Francis Spufford was born in 1964. He is the author of five highly-praised books of non-fiction, most frequently described by reviewers as either ‘bizarre’ or ‘brilliant’, and usually as both. He has been longlisted or shortlisted for prizes in science writing, historical writing, political writing, theological writing, and writing ‘evoking the spirit of place’. In 2007 he was elected a Fellow of the Royal Society of Literature. He teaches writing at Goldsmiths College, University of London, and lives near Cambridge. His first novel, Golden Hill, won the 2016 Costa First Novel Award.

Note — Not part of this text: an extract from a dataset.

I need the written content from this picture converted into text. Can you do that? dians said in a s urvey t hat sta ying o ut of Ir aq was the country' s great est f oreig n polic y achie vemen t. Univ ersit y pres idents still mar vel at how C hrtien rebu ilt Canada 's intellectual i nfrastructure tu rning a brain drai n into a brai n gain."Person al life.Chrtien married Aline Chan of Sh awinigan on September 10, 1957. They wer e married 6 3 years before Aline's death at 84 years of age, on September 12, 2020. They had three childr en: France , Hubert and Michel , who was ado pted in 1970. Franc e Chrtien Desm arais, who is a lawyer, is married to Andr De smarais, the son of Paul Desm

I MAY BE SOME TIME: ICE AND THE ENGLISH IMAGINATION
I May Be Some Time is a richly engrossing cultural history of our obsession with ice, Eskimos and polar exploration.

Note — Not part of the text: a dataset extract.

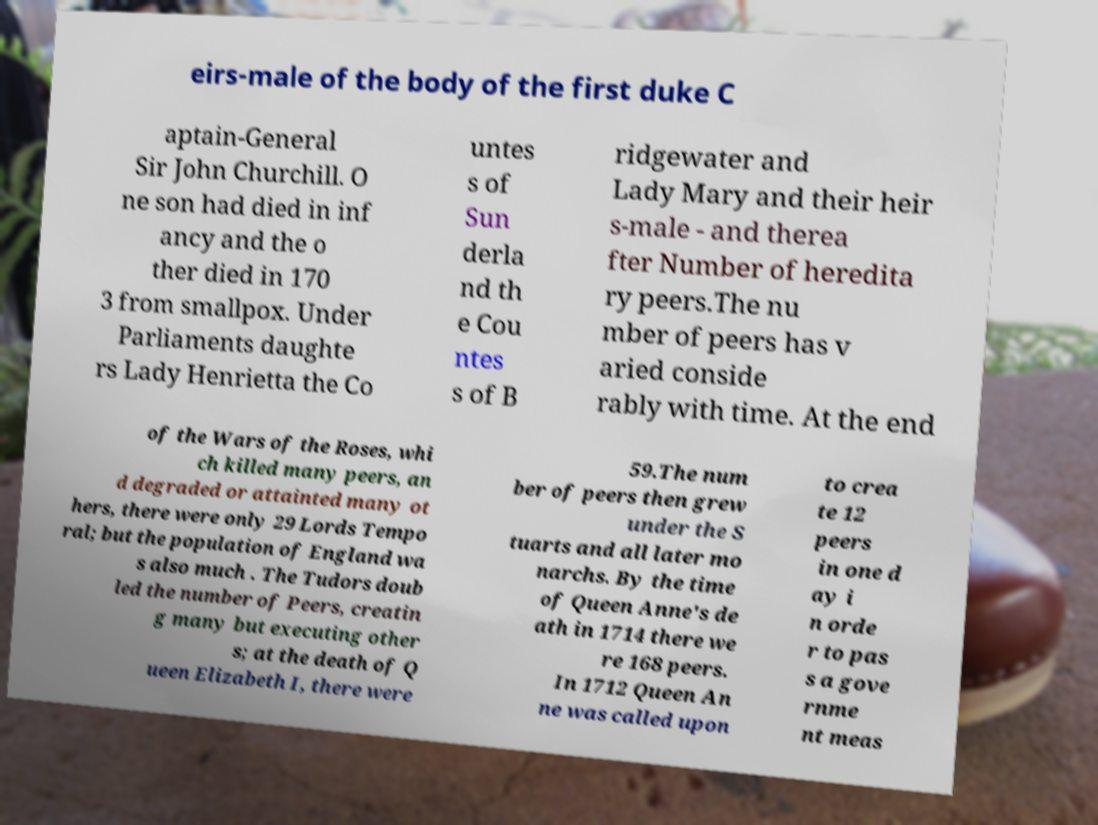Can you read and provide the text displayed in the image?This photo seems to have some interesting text. Can you extract and type it out for me? eirs-male of the body of the first duke C aptain-General Sir John Churchill. O ne son had died in inf ancy and the o ther died in 170 3 from smallpox. Under Parliaments daughte rs Lady Henrietta the Co untes s of Sun derla nd th e Cou ntes s of B ridgewater and Lady Mary and their heir s-male - and therea fter Number of heredita ry peers.The nu mber of peers has v aried conside rably with time. At the end of the Wars of the Roses, whi ch killed many peers, an d degraded or attainted many ot hers, there were only 29 Lords Tempo ral; but the population of England wa s also much . The Tudors doub led the number of Peers, creatin g many but executing other s; at the death of Q ueen Elizabeth I, there were 59.The num ber of peers then grew under the S tuarts and all later mo narchs. By the time of Queen Anne's de ath in 1714 there we re 168 peers. In 1712 Queen An ne was called upon to crea te 12 peers in one d ay i n orde r to pas s a gove rnme nt meas 
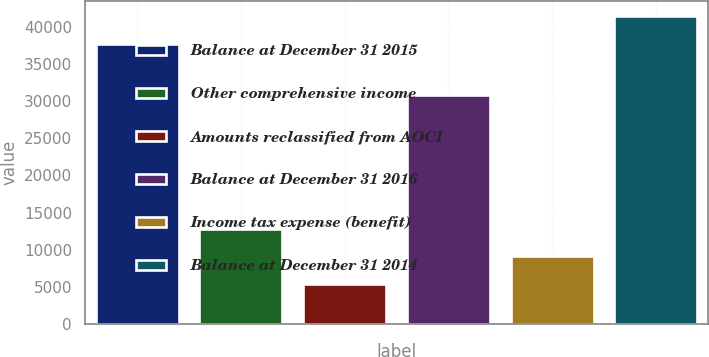Convert chart. <chart><loc_0><loc_0><loc_500><loc_500><bar_chart><fcel>Balance at December 31 2015<fcel>Other comprehensive income<fcel>Amounts reclassified from AOCI<fcel>Balance at December 31 2016<fcel>Income tax expense (benefit)<fcel>Balance at December 31 2014<nl><fcel>37789<fcel>12733<fcel>5415<fcel>30803<fcel>9074<fcel>41448<nl></chart>

When Captain Scott died in 1912 on his way back from the South Pole, his story became a myth embedded in the national imagination. Despite wars and social change, despite recent debunking, it is still there. Everyone remembers the doomed explorers’ last words – ‘I’m just going outside, and I may be some time’ – and history is what you can remember.
Conventional histories of polar exploration trace the laborious expeditions across the map, dwelling on the proper techniques of ice-navigation and sledge-travel. But we rarely ask what the explorers thought they were doing, or why they did these insane things.